(Stored items)
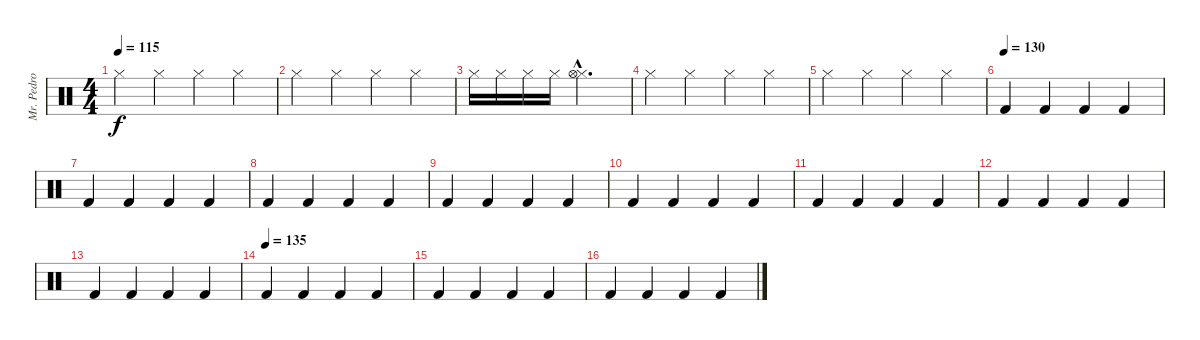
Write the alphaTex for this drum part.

\track ("Mr. Pedro Andreu" "Mr. Pedro ") {instrument percussion}
\staff {score}
\articulation defaults
\ts (4 4)
\tempo 115
\clef neutral
\ks c "Hi-Hat (closed)".4{dy f} "Hi-Hat (closed)".4 "Hi-Hat (closed)".4 "Hi-Hat (closed)".4
|
"Hi-Hat (closed)".4 "Hi-Hat (closed)".4 "Hi-Hat (closed)".4 "Hi-Hat (closed)".4 |
"Hi-Hat (closed)".16 "Hi-Hat (closed)".16 "Hi-Hat (closed)".16 "Hi-Hat (closed)".16 ("Hi-Hat (closed)"{hac} "Hi-Hat (open)"{hac}).2{d} |
"Hi-Hat (closed)".4 "Hi-Hat (closed)".4 "Hi-Hat (closed)".4 "Hi-Hat (closed)".4 |
"Hi-Hat (closed)".4 "Hi-Hat (closed)".4 "Hi-Hat (closed)".4 "Hi-Hat (closed)".4 |
\tempo (130)
"Kick (hit) 2".4 "Kick (hit) 2".4 "Kick (hit) 2".4 "Kick (hit) 2".4 |
"Kick (hit) 2".4 "Kick (hit) 2".4 "Kick (hit) 2".4 "Kick (hit) 2".4 |
"Kick (hit) 2".4 "Kick (hit) 2".4 "Kick (hit) 2".4 "Kick (hit) 2".4 |
"Kick (hit) 2".4 "Kick (hit) 2".4 "Kick (hit) 2".4 "Kick (hit) 2".4 |
"Kick (hit) 2".4 "Kick (hit) 2".4 "Kick (hit) 2".4 "Kick (hit) 2".4 |
"Kick (hit) 2".4 "Kick (hit) 2".4 "Kick (hit) 2".4 "Kick (hit) 2".4 |
"Kick (hit) 2".4 "Kick (hit) 2".4 "Kick (hit) 2".4 "Kick (hit) 2".4 |
"Kick (hit) 2".4 "Kick (hit) 2".4 "Kick (hit) 2".4 "Kick (hit) 2".4 |
\tempo (135)
"Kick (hit) 2".4 "Kick (hit) 2".4 "Kick (hit) 2".4 "Kick (hit) 2".4 |
"Kick (hit) 2".4 "Kick (hit) 2".4 "Kick (hit) 2".4 "Kick (hit) 2".4 |
"Kick (hit) 2".4 "Kick (hit) 2".4 "Kick (hit) 2".4 "Kick (hit) 2".4
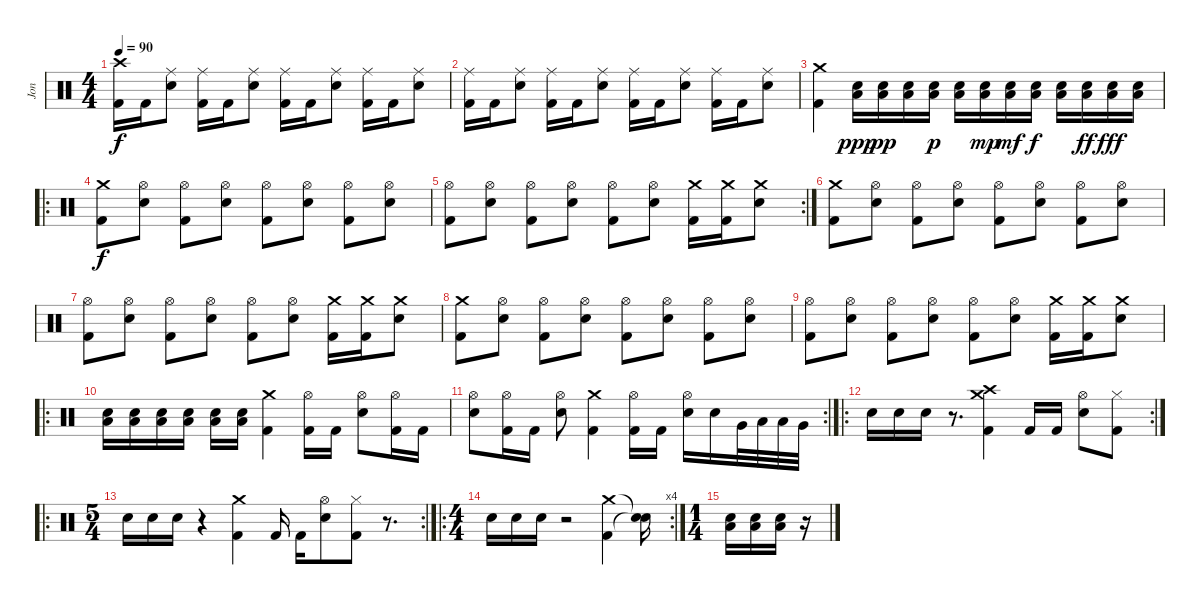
\track ("Jon" "Jon") {instrument percussion}
\staff {score}
\articulation defaults
\ts (4 4)
\tempo 90
\clef neutral
\ks c
("Crash high (hit)" "Kick (hit) 2").16{dy f} "Kick (hit) 2".16 ("Ride (middle)" "Snare (hit) 2").8 ("Ride (middle)" "Kick (hit) 2").16 "Kick (hit) 2".16 ("Ride (middle)" "Snare (hit) 2").8 ("Ride (middle)" "Kick (hit) 2").16 "Kick (hit) 2".16 ("Ride (middle)" "Snare (hit) 2").8 ("Ride (middle)" "Kick (hit) 2").16 "Kick (hit) 2".16 ("Ride (middle)" "Snare (hit) 2").8 |
("Ride (middle)" "Kick (hit) 2").16 "Kick (hit) 2".16 ("Ride (middle)" "Snare (hit) 2").8 ("Ride (middle)" "Kick (hit) 2").16 "Kick (hit) 2".16 ("Ride (middle)" "Snare (hit) 2").8 ("Ride (middle)" "Kick (hit) 2").16 "Kick (hit) 2".16 ("Ride (middle)" "Snare (hit) 2").8 ("Ride (middle)" "Kick (hit) 2").16 "Kick (hit) 2".16 ("Ride (middle)" "Snare (hit) 2").8 |
("Crash medium (hit)" "Kick (hit) 2").4 ("Snare (hit) 2" "Low Floor Tom (hit)").16{dy ppp} ("Snare (hit) 2" "Low Floor Tom (hit)").16{dy pp} ("Snare (hit) 2" "Low Floor Tom (hit)").16 ("Snare (hit) 2" "Low Floor Tom (hit)").16{dy p} ("Snare (hit) 2" "Low Floor Tom (hit)").16 ("Snare (hit) 2" "Low Floor Tom (hit)").16{dy mp} ("Snare (hit) 2" "Low Floor Tom (hit)").16{dy mf} ("Snare (hit) 2" "Low Floor Tom (hit)").16{dy f} ("Snare (hit) 2" "Low Floor Tom (hit)").16 ("Snare (hit) 2" "Low Floor Tom (hit)").16{dy ff} ("Snare (hit) 2" "Low Floor Tom (hit)").16{dy fff} ("Snare (hit) 2" "Low Floor Tom (hit)").16 |
\ro
("Crash medium (hit)" "Kick (hit) 2").8{dy f} ("Hi-Hat (open)" "Snare (hit) 2").8 ("Hi-Hat (open)" "Kick (hit) 2").8 ("Hi-Hat (open)" "Snare (hit) 2").8 ("Hi-Hat (open)" "Kick (hit) 2").8 ("Hi-Hat (open)" "Snare (hit) 2").8 ("Hi-Hat (open)" "Kick (hit) 2").8 ("Hi-Hat (open)" "Snare (hit) 2").8 |
\rc 2
("Hi-Hat (open)" "Kick (hit) 2").8 ("Hi-Hat (open)" "Snare (hit) 2").8 ("Hi-Hat (open)" "Kick (hit) 2").8 ("Hi-Hat (open)" "Snare (hit) 2").8 ("Hi-Hat (open)" "Kick (hit) 2").8 ("Hi-Hat (open)" "Snare (hit) 2").8 ("Crash medium (hit)" "Kick (hit) 2").16 ("Crash medium (hit)" "Kick (hit) 2").16 ("Crash medium (hit)" "Snare (hit) 2").8 |
("Crash medium (hit)" "Kick (hit) 2").8 ("Hi-Hat (open)" "Snare (hit) 2").8 ("Hi-Hat (open)" "Kick (hit) 2").8 ("Hi-Hat (open)" "Snare (hit) 2").8 ("Hi-Hat (open)" "Kick (hit) 2").8 ("Hi-Hat (open)" "Snare (hit) 2").8 ("Hi-Hat (open)" "Kick (hit) 2").8 ("Hi-Hat (open)" "Snare (hit) 2").8 |
("Hi-Hat (open)" "Kick (hit) 2").8 ("Hi-Hat (open)" "Snare (hit) 2").8 ("Hi-Hat (open)" "Kick (hit) 2").8 ("Hi-Hat (open)" "Snare (hit) 2").8 ("Hi-Hat (open)" "Kick (hit) 2").8 ("Hi-Hat (open)" "Snare (hit) 2").8 ("Crash medium (hit)" "Kick (hit) 2").16 ("Crash medium (hit)" "Kick (hit) 2").16 ("Crash medium (hit)" "Snare (hit) 2").8 |
("Crash medium (hit)" "Kick (hit) 2").8 ("Hi-Hat (open)" "Snare (hit) 2").8 ("Hi-Hat (open)" "Kick (hit) 2").8 ("Hi-Hat (open)" "Snare (hit) 2").8 ("Hi-Hat (open)" "Kick (hit) 2").8 ("Hi-Hat (open)" "Snare (hit) 2").8 ("Hi-Hat (open)" "Kick (hit) 2").8 ("Hi-Hat (open)" "Snare (hit) 2").8 |
("Hi-Hat (open)" "Kick (hit) 2").8 ("Hi-Hat (open)" "Snare (hit) 2").8 ("Hi-Hat (open)" "Kick (hit) 2").8 ("Hi-Hat (open)" "Snare (hit) 2").8 ("Hi-Hat (open)" "Kick (hit) 2").8 ("Hi-Hat (open)" "Snare (hit) 2").8 ("Crash medium (hit)" "Kick (hit) 2").16 ("Crash medium (hit)" "Kick (hit) 2").16 ("Crash medium (hit)" "Snare (hit) 2").8 |
\ro
("Low Floor Tom (hit)" "Snare (hit) 2").16 ("Low Floor Tom (hit)" "Snare (hit) 2").16 ("Low Floor Tom (hit)" "Snare (hit) 2").16 ("Low Floor Tom (hit)" "Snare (hit) 2").16 ("Low Floor Tom (hit)" "Snare (hit) 2").16 ("Low Floor Tom (hit)" "Snare (hit) 2").16 ("Crash medium (hit)" "Kick (hit) 2").4 ("Hi-Hat (open)" "Kick (hit) 2").16 "Kick (hit) 2".16 ("Hi-Hat (open)" "Snare (hit) 2").8 ("Hi-Hat (open)" "Kick (hit) 2").16 "Kick (hit) 2".16 |
\rc 2
("Hi-Hat (open)" "Snare (hit) 2").8 ("Hi-Hat (open)" "Kick (hit) 2").16 "Kick (hit) 2".16 ("Hi-Hat (open)" "Snare (hit) 2").8 ("Crash medium (hit)" "Kick (hit) 2").4 ("Hi-Hat (open)" "Kick (hit) 2").16 "Kick (hit) 2".16 ("Hi-Hat (open)" "Snare (hit) 2").16 "Snare (hit) 2".16 "Very Low Tom (hit)".32 "Low Floor Tom (hit)".32 "Low Tom (hit)".32 "Very Low Tom (hit)".32 |
\ro
\rc 2 "Snare (hit) 2".16 "Snare (hit) 2".16 "Snare (hit) 2".16
r.8{d} ("Crash medium (hit)" "Crash high (hit)" "Kick (hit) 2").4 "Kick (hit) 2".16 "Kick (hit) 2".16 ("Hi-Hat (open)" "Snare (hit) 2").8 ("Hi-Hat (closed)" "Kick (hit) 2").8 |
\ro
\rc 2
\ts (5 4)
"Snare (hit) 2".16 "Snare (hit) 2".16 "Snare (hit) 2".16 r.4 ("Crash medium (hit)" "Kick (hit) 2").4 "Kick (hit) 2".16 "Kick (hit) 2".16 ("Hi-Hat (open)" "Snare (hit) 2").8 ("Hi-Hat (closed)" "Kick (hit) 2").8 r.8{d} |
\ro
\rc 4
\ts (4 4)
"Snare (hit) 2".16 "Snare (hit) 2".16 "Snare (hit) 2".16 r.2 ("Crash medium (hit)" "Kick (hit) 2").4 ("Snare (hit)"{t} "Snare (hit)"{t}).16 |
\ts (1 4)
("Low Floor Tom (hit)" "Snare (hit) 2").16 ("Low Floor Tom (hit)" "Snare (hit) 2").16 ("Low Floor Tom (hit)" "Snare (hit) 2").16 r.16

▶ [Instructions for the task]: Copy out every line of the data where the word "high" occurs.

▶ [Reply]:
("Crash high (hit)" "Kick (hit) 2").16{dy f} "Kick (hit) 2".16 ("Ride (middle)" "Snare (hit) 2").8 ("Ride (middle)" "Kick (hit) 2").16 "Kick (hit) 2".16 ("Ride (middle)" "Snare (hit) 2").8 ("Ride (middle)" "Kick (hit) 2").16 "Kick (hit) 2".16 ("Ride (middle)" "Snare (hit) 2").8 ("Ride (middle)" "Kick (hit) 2").16 "Kick (hit) 2".16 ("Ride (middle)" "Snare (hit) 2").8 |
r.8{d} ("Crash medium (hit)" "Crash high (hit)" "Kick (hit) 2").4 "Kick (hit) 2".16 "Kick (hit) 2".16 ("Hi-Hat (open)" "Snare (hit) 2").8 ("Hi-Hat (closed)" "Kick (hit) 2").8 |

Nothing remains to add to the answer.